Victoria Vonapartis is slowly taking over the Montreal photography scene one photoshoot at a time. This talented young photographer isn’t afraid to step outside of her comfort zone to get that perfect shot. In fact, we got to meet her not too long ago at our very first networking event. She’s definitely picture perfect. We were lucky enough to have her agree for an interview so she could further explain her passion.
BWR: What inspired you to become a photographer?
Victoria: When I was younger my dad would always record birthday parties and family gatherings on a small JVC video camera. As I grew older, my dad handed me that same video camera. I started out my journey filming and capturing these family memories. I didn’t know it at the time but I was slowly building a strong passion for film making and photography at the same time. When people ask me what inspired me to start photography I always have a tough time answering. As silly as it sounds I feel like I was born with a camera in my hands. Overall, I think my dad was the one person who inspired my passion for photography.
BWR: What would you say is your favorite part of photography?
Victoria: Oh my, I love everything about photography! It’s so insane that I have this crazy power to freeze time. Aside from freezing moments in time, I really love the connections I make through something that I love. I’ve met so many amazing creative people through photoshoots, company collaborations and networking events. Creating art really isn’t the same when you’re by yourself in your room. I much rather work in a team!
BWR: Being a freelancer and trying to grow your business has its number of challenges. What is the most challenging part of your job?
Victoria: I completely agree that trying to grow a business is difficult but it’s also exciting at the same time. The most challenging part about my job is trying to gain recognition for the work I produce. There are many times where clients or companies forget to credit me on images I have taken. It hurts as a photographer to know that your work goes unrecognized. You feel as though your work has no value.
Sometimes people just don’t understand how a simple tag in the caption of a post can help the photographer reach out to possible clients that we can’t reach out to on our own. This is how our works gets spread around and this is basically how I’ve gotten many jobs. I don’t mind hustling day in and day out as I do but I really cannot stress enough how important it is to give credit to anyone who has worked on any form of project.
BWR: What is your number one marketing strategy?

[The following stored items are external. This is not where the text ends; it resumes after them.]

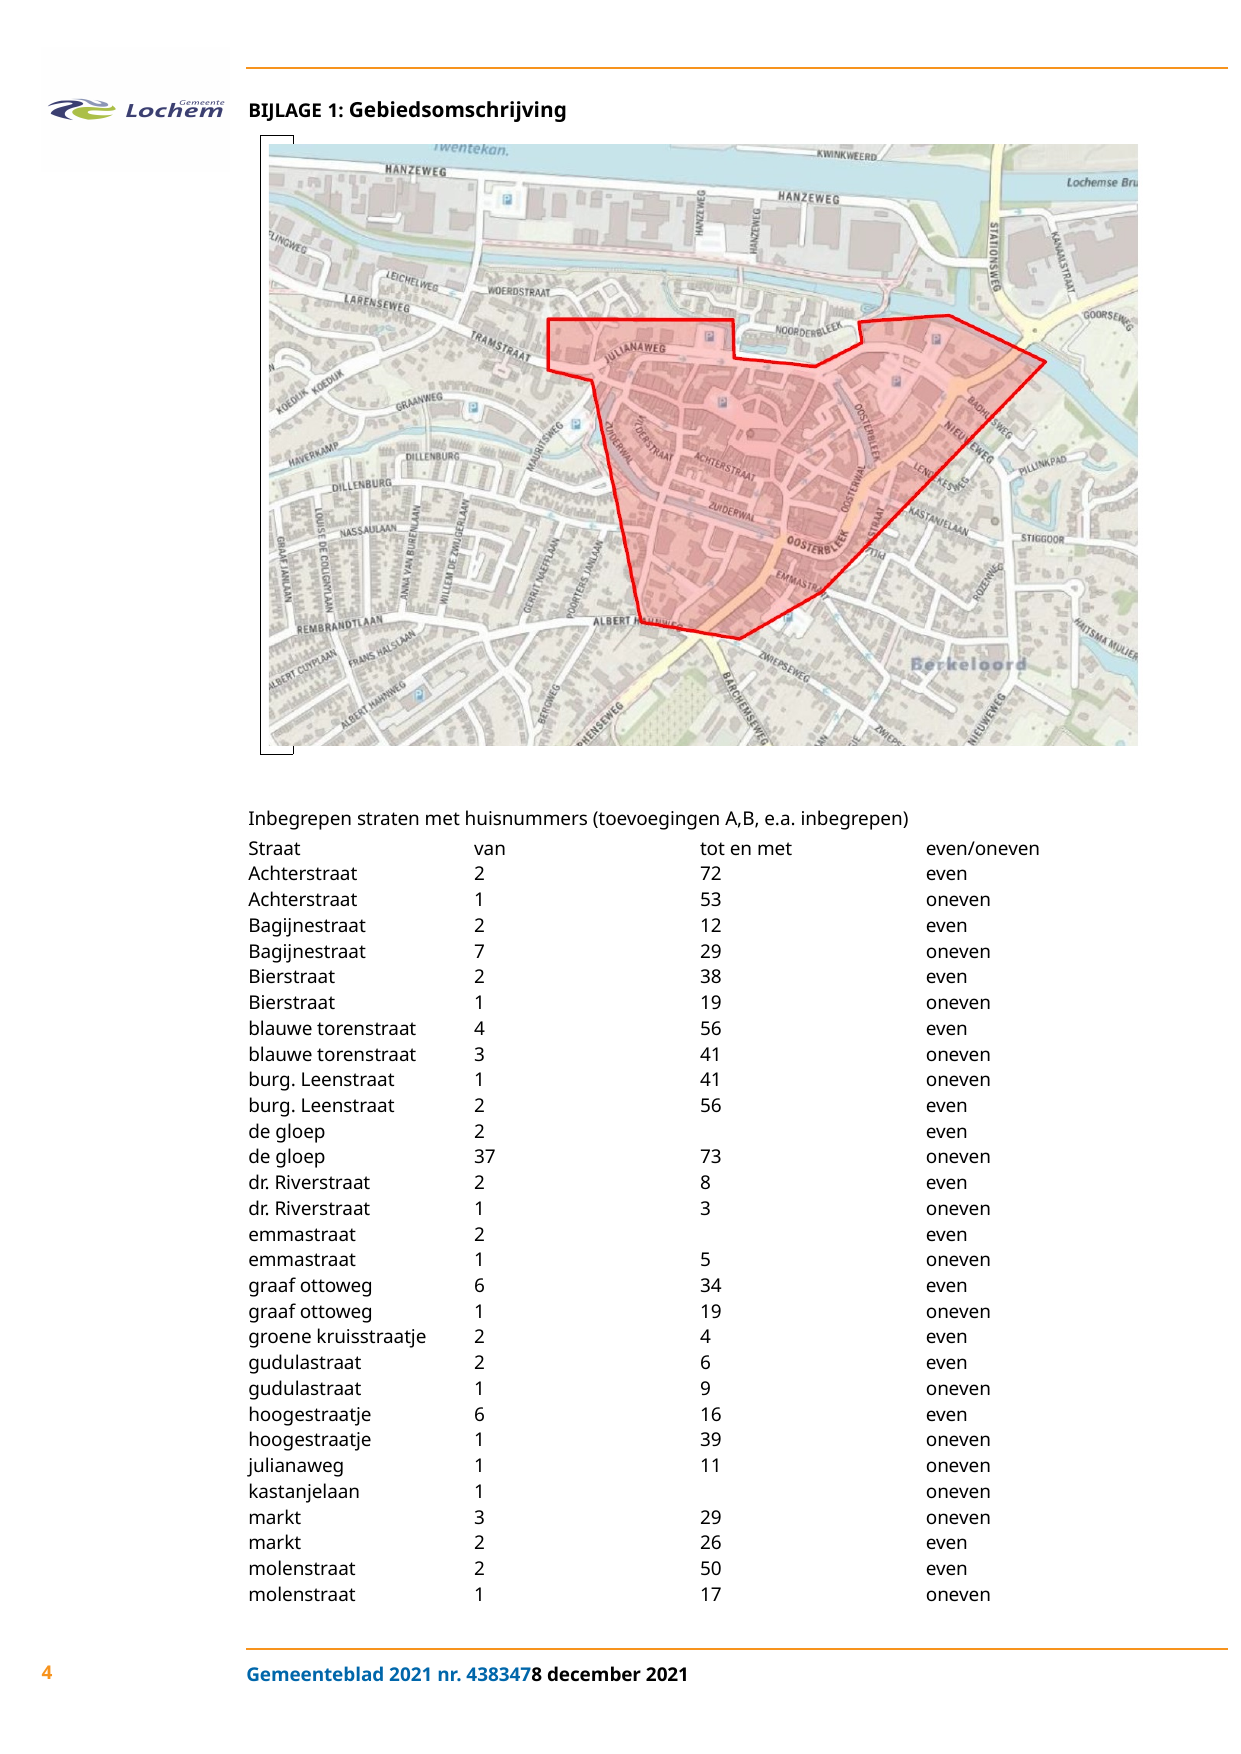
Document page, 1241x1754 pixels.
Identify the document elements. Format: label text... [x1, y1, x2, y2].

table_cell 1 [474, 1453, 700, 1478]
table_cell 4 [700, 1324, 926, 1349]
table_cell oneven [926, 989, 1152, 1015]
table_cell 2 [474, 861, 700, 886]
table_cell even [926, 1555, 1152, 1581]
table_cell 41 [700, 1041, 926, 1066]
table_cell Bagijnestraat [248, 912, 474, 938]
table_cell 1 [474, 1581, 700, 1607]
text Inbegrepen straten met huisnummers (toevoegingen A,B, e.a. inbegrepen) [248, 805, 1152, 831]
table_cell groene kruisstraatje [248, 1324, 474, 1349]
table_cell 6 [474, 1272, 700, 1298]
table_cell de gloep [248, 1144, 474, 1169]
table_cell Bierstraat [248, 964, 474, 989]
table_cell 2 [474, 912, 700, 938]
table_cell de gloep [248, 1118, 474, 1144]
table_cell 73 [700, 1144, 926, 1169]
table_cell markt [248, 1530, 474, 1555]
table_cell 16 [700, 1401, 926, 1427]
table_cell 2 [474, 1092, 700, 1118]
table_cell 2 [474, 1221, 700, 1247]
table_cell emmastraat [248, 1247, 474, 1272]
table_cell 56 [700, 1015, 926, 1041]
table_cell hoogestraatje [248, 1427, 474, 1452]
table_cell gudulastraat [248, 1375, 474, 1401]
table_cell 1 [474, 1478, 700, 1504]
table_cell oneven [926, 1041, 1152, 1066]
table_cell oneven [926, 1298, 1152, 1324]
table_cell 3 [474, 1041, 700, 1066]
table_cell even [926, 912, 1152, 938]
table_cell 1 [474, 1427, 700, 1452]
table_cell 29 [700, 1504, 926, 1529]
table_cell 2 [474, 964, 700, 989]
table_cell 1 [474, 1195, 700, 1221]
table_cell blauwe torenstraat [248, 1015, 474, 1041]
table_cell oneven [926, 1581, 1152, 1607]
table_cell even [926, 1324, 1152, 1349]
table_cell 1 [474, 886, 700, 912]
table_cell 38 [700, 964, 926, 989]
text BIJLAGE 1: Gebiedsomschrijving [248, 95, 1152, 123]
table_cell 53 [700, 886, 926, 912]
table_cell 12 [700, 912, 926, 938]
table_cell gudulastraat [248, 1350, 474, 1375]
table_cell oneven [926, 1144, 1152, 1169]
table_cell graaf ottoweg [248, 1298, 474, 1324]
table_cell graaf ottoweg [248, 1272, 474, 1298]
table_cell 11 [700, 1453, 926, 1478]
table_cell oneven [926, 1195, 1152, 1221]
table_cell Achterstraat [248, 886, 474, 912]
table_cell blauwe torenstraat [248, 1041, 474, 1066]
picture [268, 144, 1155, 746]
table_cell 2 [474, 1324, 700, 1349]
table_cell 1 [474, 1247, 700, 1272]
table_cell 2 [474, 1530, 700, 1555]
table_cell 41 [700, 1066, 926, 1092]
table_cell burg. Leenstraat [248, 1092, 474, 1118]
table_cell 7 [474, 938, 700, 963]
table_cell 56 [700, 1092, 926, 1118]
table_cell 6 [700, 1350, 926, 1375]
table_cell Bierstraat [248, 989, 474, 1015]
table_cell burg. Leenstraat [248, 1066, 474, 1092]
table_cell even [926, 1401, 1152, 1427]
table_header tot en met [700, 835, 926, 861]
table_cell oneven [926, 938, 1152, 963]
table_cell even [926, 1221, 1152, 1247]
table_cell 8 [700, 1169, 926, 1195]
table_cell even [926, 1530, 1152, 1555]
table_cell [700, 1118, 926, 1144]
table_cell oneven [926, 1453, 1152, 1478]
table_cell hoogestraatje [248, 1401, 474, 1427]
table_cell 4 [474, 1015, 700, 1041]
table_cell even [926, 1350, 1152, 1375]
table_cell 19 [700, 1298, 926, 1324]
table_cell markt [248, 1504, 474, 1529]
table_cell oneven [926, 1375, 1152, 1401]
table_cell 2 [474, 1169, 700, 1195]
table_cell oneven [926, 1066, 1152, 1092]
table_cell 1 [474, 989, 700, 1015]
table_header Straat [248, 835, 474, 861]
table_cell emmastraat [248, 1221, 474, 1247]
table_cell even [926, 861, 1152, 886]
table_cell 19 [700, 989, 926, 1015]
table_cell 5 [700, 1247, 926, 1272]
table_cell 1 [474, 1298, 700, 1324]
table_cell 3 [700, 1195, 926, 1221]
table_cell oneven [926, 1247, 1152, 1272]
table_cell even [926, 1272, 1152, 1298]
table_cell 39 [700, 1427, 926, 1452]
table_cell [700, 1478, 926, 1504]
table_cell kastanjelaan [248, 1478, 474, 1504]
table_cell dr. Riverstraat [248, 1169, 474, 1195]
table_cell molenstraat [248, 1555, 474, 1581]
table_cell oneven [926, 1478, 1152, 1504]
table_cell even [926, 1092, 1152, 1118]
table_cell [700, 1221, 926, 1247]
table_cell julianaweg [248, 1453, 474, 1478]
table_cell even [926, 1169, 1152, 1195]
table_cell oneven [926, 886, 1152, 912]
table_cell 6 [474, 1401, 700, 1427]
table_cell 50 [700, 1555, 926, 1581]
table_cell 2 [474, 1555, 700, 1581]
table_cell 3 [474, 1504, 700, 1529]
table_cell even [926, 964, 1152, 989]
table_cell even [926, 1118, 1152, 1144]
table_cell oneven [926, 1504, 1152, 1529]
table_cell molenstraat [248, 1581, 474, 1607]
table_cell 29 [700, 938, 926, 963]
table_cell even [926, 1015, 1152, 1041]
picture [41, 47, 231, 172]
table_cell 17 [700, 1581, 926, 1607]
table_header van [474, 835, 700, 861]
table_cell 26 [700, 1530, 926, 1555]
table_cell dr. Riverstraat [248, 1195, 474, 1221]
table_cell 9 [700, 1375, 926, 1401]
table_cell 2 [474, 1118, 700, 1144]
table_cell 37 [474, 1144, 700, 1169]
table_cell oneven [926, 1427, 1152, 1452]
table_cell 72 [700, 861, 926, 886]
table_header even/oneven [926, 835, 1152, 861]
table_cell 1 [474, 1066, 700, 1092]
table_cell 34 [700, 1272, 926, 1298]
table_cell 1 [474, 1375, 700, 1401]
table_cell Achterstraat [248, 861, 474, 886]
table_cell Bagijnestraat [248, 938, 474, 963]
table_cell 2 [474, 1350, 700, 1375]

Victoria: One ‘strategy’ I would say I use is just to be active with the people who I’ve either created with, will create with in the future or am presently creating with. It’s important that people you work with feel valued as well. I say strategy with quotes simply because it doesn’t feel like a real strategy to me. It just feels natural. I always like to keep in touch and check in with present, future or past clients. I genuinely care a lot about people I work with or create with. So for myself, this is just normal. A simple message to those who you are involved with can brighten someone’s day. At the same time this reminds them that you are still active and working! I’ve made a bunch of friends just through jobs. My clients sometimes become my friends! It’s a win win really.
BWR: Where do you get your inspiration from?
Victoria: I try to focus a lot of time and energy on searching for new photographers on Instagram mainly. I do respect the original masters of photography for sure like Richard Avedon but what these photographers have done is not what I want to do. It’s important to find a certain type of photography you like and stick to it. If you jump around everywhere you lack focus on what it is you want to do! Social media is a big game changer and I love scrolling endlessly while I should be getting sleep. Instead, I’m finding awesome creatives. Some of which are local here in Montreal!
BWR: How do you deal with competition?
Victoria: I try to not see this field as a competition even if maybe it is. There was a point in time where I was driving myself crazy. I was constantly comparing my work to others. It wasn’t really healthy. Everyone has their own way of expressing themselves and the beauty of it all is that we all take different paths to reach our goals. I believe if you work hard enough and focus on yourself/ your work you will get to your end goal, whatever that may be. If anything, photography should be considered a team effort. Take editorial photography for example. Without your assistants, models, art directors, makeup artists (etc.) there is essentially nothing to capture!
BWR: What has been your biggest accomplishment to date? What are you most proud of?
Victoria: My biggest accomplishment at the moment is creating a body of work in a small photo book I created just for myself. The book is a collection of photos from local Montreal companies I started working with. It’s really important to me because I can see the progress in my work as I flip the pages. Documenting and acknowledging your past work really does open your eyes to how far you have come. There is only one copy in the world which I own but I did this all by myself and for that I am so proud.
BWR: Where do you see yourself in 10 years? What is your main goal?
Victoria: This is probably the most stressful question yet! In 10 years I hope to be established in Montreal and recognized as a photographer. My dream is to open up a small local studio space for myself. I want this space to promote creativity and team work. I also would love to have a contract with a brand outside of Montreal. I would like to also host an event at one point in time to say thank you and give back to the people who first believed in myself and my work before I had a portfolio to even show them. I seriously am so grateful and definitely will not forget those who gave me a chance.